Cheias no Rio Grande do Sul foram agravadas pelas alterações climáticas, segundo estudo

O estudo da World Weather Attribution revelou que as alterações climáticas tornaram a tragédia no Rio Grande do Sul duas vezes mais provável. Veja mais informações aqui.

inundação, cheia, Porto Alegre, Rio Grande do Sul, Brasil
Inundação em Porto Alegre, no Rio Grande do Sul, em 5 de maio de 2024. Crédito: Ricardo Stuckert/PR.

Continuamos a falar da tragédia climática que aconteceu no estado do Rio Grande do Sul. Um estudo recente realizado pela World Weather Attribution (WWA) divulgou que as alterações climáticas agravaram as cheias que assolaram o estado gaúcho.

A investigação baseou-se na análise de dados meteorológicos e em modelos climáticos que estimam a probabilidade de um evento extremo acontecer com o atual aumento da temperatura da Terra de 1,2 ºC; e também sob as condições existentes no período pré-industrial.

Em apenas 11 dias (de 24 de abril a 4 de maio), choveu mais de 420 milímetros no Rio Grande do Sul, que teve mais de 90% do seu território afetado pelas inundações, uma área equivalente ao Reino Unido, afirma o estudo.

Mas não foi culpa só das alterações climáticas. O estudo afirma que o fenómeno El Niño e falhas de infraestrutura também foram responsáveis pelas cheias no estado. Uma observação do estudo foi que a maioria dos eventos anteriores de chuvas extremas na região ocorreram durante anos de El Niño.

Segundo a organização, as alterações climáticas dobraram a probabilidade de ocorrência do evento extremo no estado, aumentaram a sua intensidade em 6% a 9%, e também amplificaram o efeito do fenómeno El Niño para que chuvas extraordinariamente intensas ocorressem.

Cruzeiro do Sul, no Rio Grande do Sul, Brasil
A cidade de Cruzeiro do Sul, no Rio Grande do Sul, ficou destruída pelas cheias. Crédito: Nelson Almeida/AFP.

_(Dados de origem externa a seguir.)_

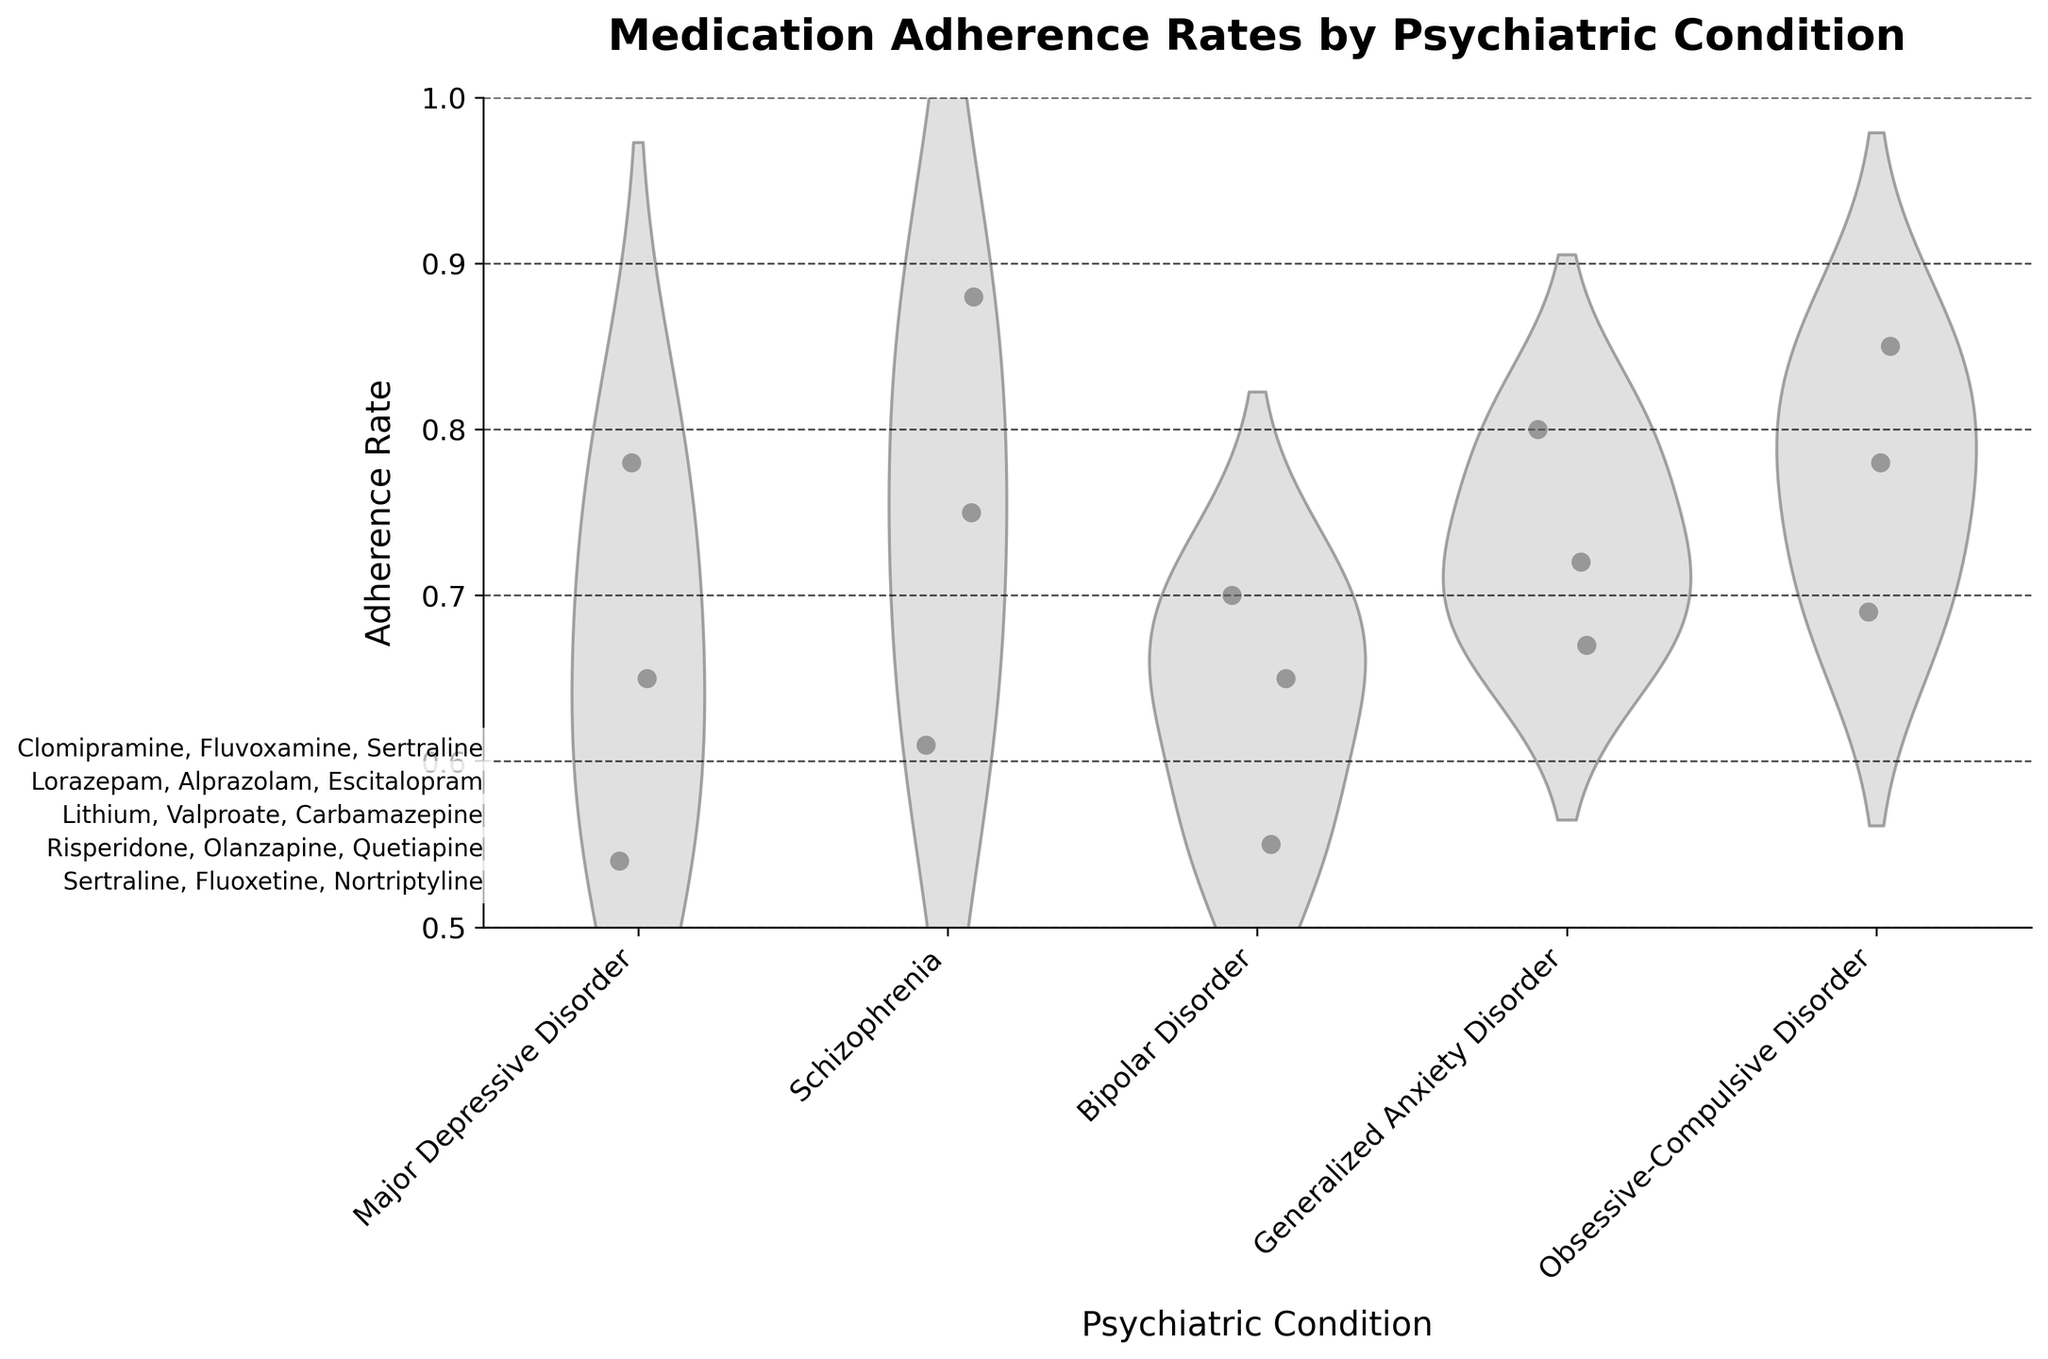What is the title of the figure? The title is indicated at the top of the figure in bold text. It summarizes the overall subject of the chart.
Answer: Medication Adherence Rates by Psychiatric Condition What is the adherence rate range shown on the y-axis? The y-axis has labeled ticks that indicate the minimum and maximum values displayed; these are from 0.5 to 1.0.
Answer: 0.5 to 1.0 Which psychiatric condition has the highest individual data point on the adherence rate? By observing the scatter points, the highest adherence rate point appears under the condition with the single highest value, which is Schizophrenia at 0.88 for Risperidone.
Answer: Schizophrenia What are the three medications plotted for Generalized Anxiety Disorder? The text annotations near the x-axis label for Generalized Anxiety Disorder list the medications used in this condition.
Answer: Lorazepam, Alprazolam, Escitalopram Which condition appears to have the lowest adherence rate data point? The lowest point among the jittered scatter points on the y-axis shows adherence around 0.54, which is under Major Depressive Disorder for Nortriptyline.
Answer: Major Depressive Disorder What is the average adherence rate for medications under Bipolar Disorder? Identify the adherence rates for medications under Bipolar Disorder and calculate the average: (0.70 + 0.65 + 0.55) / 3 = 1.90 / 3 = 0.6333.
Answer: 0.63 How does the adherence rate for Fluoxetine compare to Escitalopram? Locate adherence rates for both medications on the y-axis; Fluoxetine (0.65) is less than Escitalopram (0.67).
Answer: Fluoxetine: 0.65, Escitalopram: 0.67 Which condition has the highest median adherence rate in the violin plots? Each violin plot shows a thick central line representing the median. Schizophrenia exhibits the highest median adherence rate.
Answer: Schizophrenia 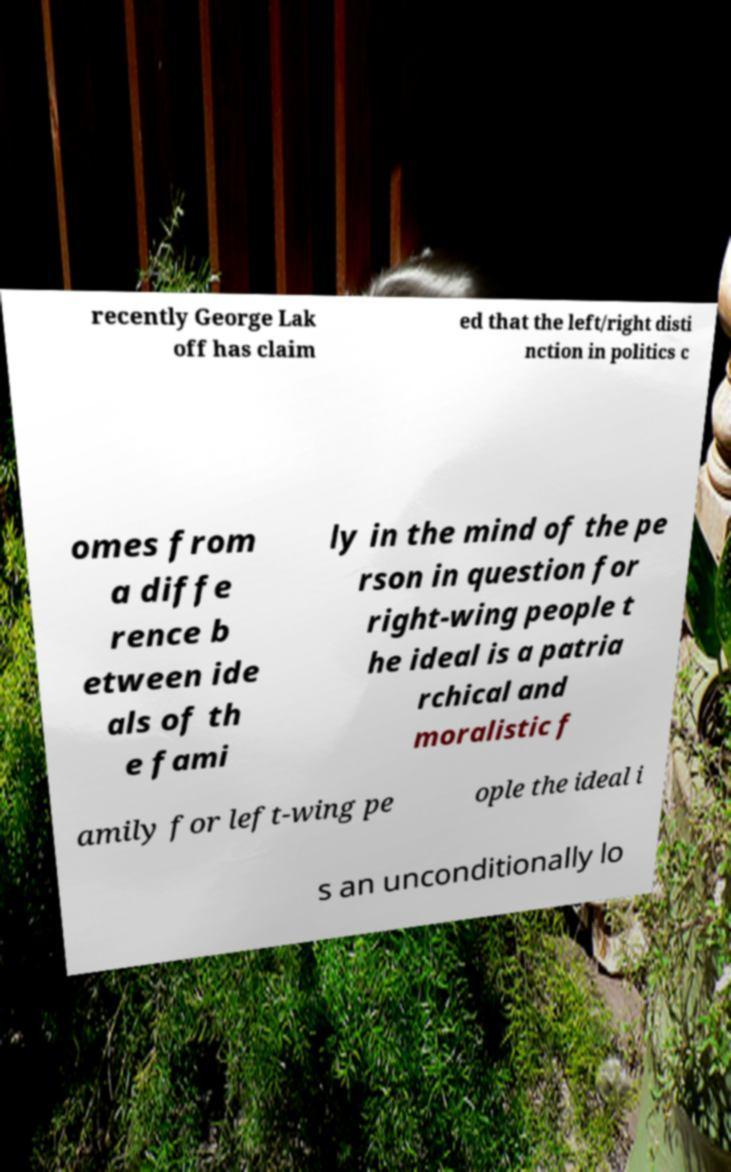There's text embedded in this image that I need extracted. Can you transcribe it verbatim? recently George Lak off has claim ed that the left/right disti nction in politics c omes from a diffe rence b etween ide als of th e fami ly in the mind of the pe rson in question for right-wing people t he ideal is a patria rchical and moralistic f amily for left-wing pe ople the ideal i s an unconditionally lo 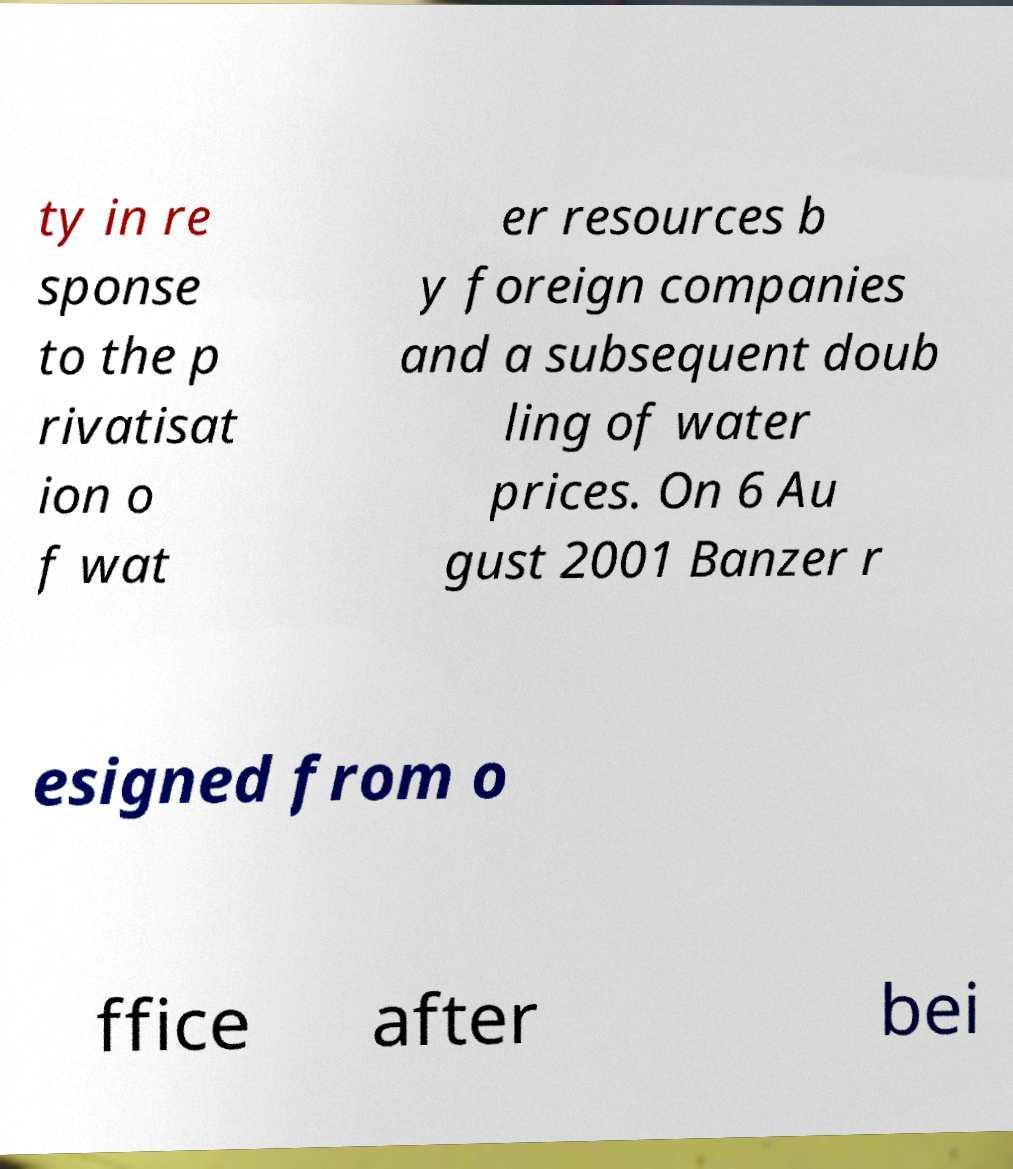For documentation purposes, I need the text within this image transcribed. Could you provide that? ty in re sponse to the p rivatisat ion o f wat er resources b y foreign companies and a subsequent doub ling of water prices. On 6 Au gust 2001 Banzer r esigned from o ffice after bei 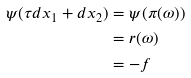Convert formula to latex. <formula><loc_0><loc_0><loc_500><loc_500>\psi ( \tau d x _ { 1 } + d x _ { 2 } ) & = \psi ( \pi ( \omega ) ) \\ & = r ( \omega ) \\ & = - f</formula> 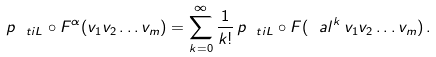Convert formula to latex. <formula><loc_0><loc_0><loc_500><loc_500>p _ { \ t i { L } } \circ F ^ { \alpha } ( v _ { 1 } v _ { 2 } \dots v _ { m } ) = \sum _ { k = 0 } ^ { \infty } \frac { 1 } { k ! } \, p _ { \ t i { L } } \circ F ( \ a l ^ { k } \, v _ { 1 } v _ { 2 } \dots v _ { m } ) \, .</formula> 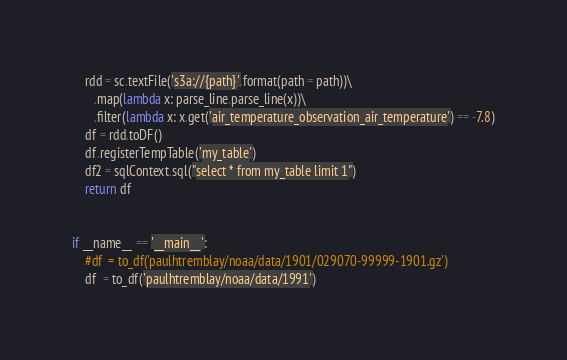Convert code to text. <code><loc_0><loc_0><loc_500><loc_500><_Python_>    rdd = sc.textFile('s3a://{path}'.format(path = path))\
       .map(lambda x: parse_line.parse_line(x))\
       .filter(lambda x: x.get('air_temperature_observation_air_temperature') == -7.8)
    df = rdd.toDF()
    df.registerTempTable('my_table')
    df2 = sqlContext.sql("select * from my_table limit 1")
    return df


if __name__ == '__main__':
    #df  = to_df('paulhtremblay/noaa/data/1901/029070-99999-1901.gz')
    df  = to_df('paulhtremblay/noaa/data/1991')
</code>

Contudo, os cientistas destacam que tais chuvas poderiam não ter causado tanta devastação na cidade de Porto Alegre se os sistemas de proteção estivessem a operar. O sistema de diques, comportas e bombas da cidade começou a falhar quando o nível do Lago Guaíba chegou a 4,5 metros, sendo que ele foi construído para suportar uma inundação de até 6 metros.

Segundo o estudo, este evento extremo no Rio Grande do Sul foi tão raro e destrutivo que poderia esperar-se que acontecesse uma vez num período de 100 a 250 anos.

“A falha no sistema de proteção teve impacto importante porque permitiu a inundação de áreas que poderiam ter sido poupadas ou não ter sofrido tantos danos. Por exemplo, no centro de Porto Alegre”, comentou Maja Vahlberg, do Centro Climático da Cruz Vermelha e do Crescente Vermelho, na Holanda, uma das autoras do estudo.

Outro destaque da investigação é que a destruição da vegetação nativa e a ocupação das margens dos rios contribuíram para intensificar o potencial destrutivo das chuvas.

Regina Rodrigues, professora na Universidade Federal de Santa Catarina (UFSC) e coautora da investigação, explicou que “a intensidade catastrófica das chuvas está associada às alterações climáticas e ao El Niño, mas a magnitude e a persistência dos seus efeitos foram agravadas pela falta de preparação para eventos climáticos, de qualquer grau. Estas chuvas causariam um desastre, mas ele poderia não ter sido tão grande se houvesse um mínimo de preparação”.

Aquecimento global tende a piorar a situação desses eventos

O estudo também frisa algo que já tem vindo a ser falado. À medida que a temperatura da Terra continua a aumentar, este tipo de evento extremo deverá tornar-se mais comum e intenso.

carros submersos, Porto Alegre, Brasil
Carros destruídos no pátio de um 'rent-a-car' próximo ao Aeroporto Internacional Salgado Filho, em Porto Alegre. Crédito: Rafa Neddermeyer/Agência Brasil.

A probabilidade é que chuvas e inundações catastróficas como esta no Rio Grande do Sul, ou até piores, se tornem duas vezes mais frequentes se a temperatura média do planeta aumentar 2 ºC acima do nível pré-industrial. E é esperado que isso ocorra, se continuarmos neste ritmo atual de emissões de dióxido de carbono (CO2).

Até ao momento, a tragédia climática no Rio Grande do Sul já deixou 172 mortos, 44 pessoas continuam desaparecidas e mais de 575 mil estão desalojadas, segundo o último boletim da Defesa Civil divulgado na manhã desta terça-feira (4).

Referência da notícia:

World Weather Attribution (WWA). “Climate change, El Niño and infrastructure failures behind massive floods in southern Brazil”. 2024.